The majority of false positive output (3 FPs) for the SP corpus fell into Category 1 (Different word, spelled correctly), but the rest (2 FPs) were in Category 3 (Alternative form of noisy term). The majority of false positive output for the EDVP corpus fell into Category 2 (Misspelling of different word: 12 FPs), but there were also relatively significant amounts in Category 1 (9 FPs) and Category 4 (Slang equivalent: 3 FPs). Terms in Categories 1 and 4 could be added to the SPECIALIST Lexicon. Category 1 terms would definitely be of use. Officials at the National Library of Medicine would need to decide whether slang terms would enrich the SPECIALIST Lexicon.

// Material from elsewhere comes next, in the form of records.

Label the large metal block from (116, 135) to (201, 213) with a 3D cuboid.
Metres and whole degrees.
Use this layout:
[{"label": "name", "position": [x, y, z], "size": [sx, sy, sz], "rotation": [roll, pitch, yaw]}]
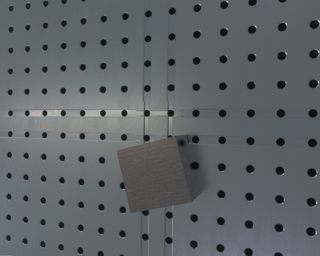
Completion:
[{"label": "large metal block", "position": [-0.001, 0.057, 0.400], "size": [0.080, 0.050, 0.080], "rotation": [-15, 85, 19]}]

Characterizing misspellings

The most common misspelling type in both corpora was letter omission (Table 2). Letter insertion and transposition were also common in each corpora, with wrong letter and multiple/mixed errors less common. However, there were over four times the total spelling errors in the EDVP corpus. These values suggest that authors of these two corpora tend to make similar mistakes, but those writing emergency visit and progress notes make more mistakes. This may be due to one or more reasons, including different environmental conditions in which the various authors work, and presents an interesting direction for future research. More research involving other document types may provide further insight into the types and frequencies of errors made in clinical text.

Conclusion

We developed a prototype method to detect and correct misspellings in clinical text. This method uses a pipeline framework to identify correctly and incorrectly spelled word pairs by leveraging term frequencies, Word2Vec, use of the SPECIALIST Lexicon, and a Levenshtein edit distance constraint. An implementation of the method achieved 0.9057 and 0.8979 positive predictive values on two separate corpora. These promising results suggest the need for expanded research regarding this method.

Limitations

This was only an exploratory study, using small corpora of surgical pathology and emergency department documents. More research is needed to determine the method’s performance for other document types. Because the method uses frequencies, performance for very infrequent terms would likely be affected.